One day, RAI — in its goodness — found out that there was an Italian-language daily newspaper in Canada, Corriere Canadese, and asked for an interview with the publisher — Dan Iannuzzi — and the associate publisher — myself. Everything went fine, but the interview aired at 2am. “They couldn’t air it during the day,” commented Dan, “otherwise we would have brought their audience up, humiliating programmes that cost them millions.”

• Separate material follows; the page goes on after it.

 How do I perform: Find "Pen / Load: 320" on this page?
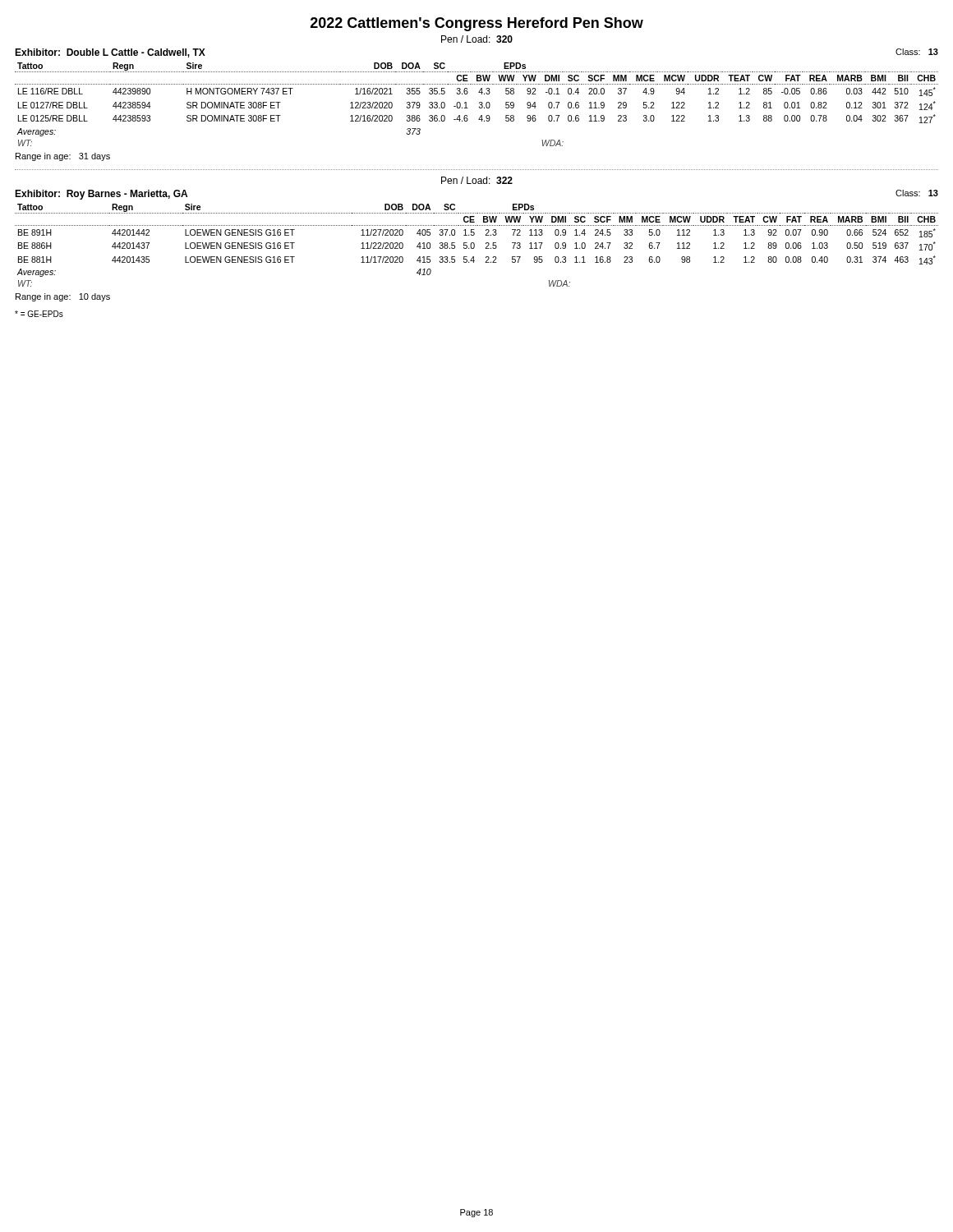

My dear Dan, I like to remember you like this. Light-hearted, surreal, smiling even in critical moments. I take your smartness, your intuition, your entrepreneurial spirit, your stubbornness (just ask the CRTC) for granted. Those are gifts that even the Parliaments in Ottawa and Toronto recognized. I prefer to keep thinking of you as the friend who nine years ago, in Rome, told me, “Why don’t you come and spend some time in Canada? People never grow old there, because they’re always under ice.” I came, and thanks to you, Dan, I lived an exceptional professional and human experience. Alas, it flew by far too fast. “The sad side of beautiful things,” you told me once, “is that they don’t last forever.” Like your life.

A painful, astonished emptiness is left in mine.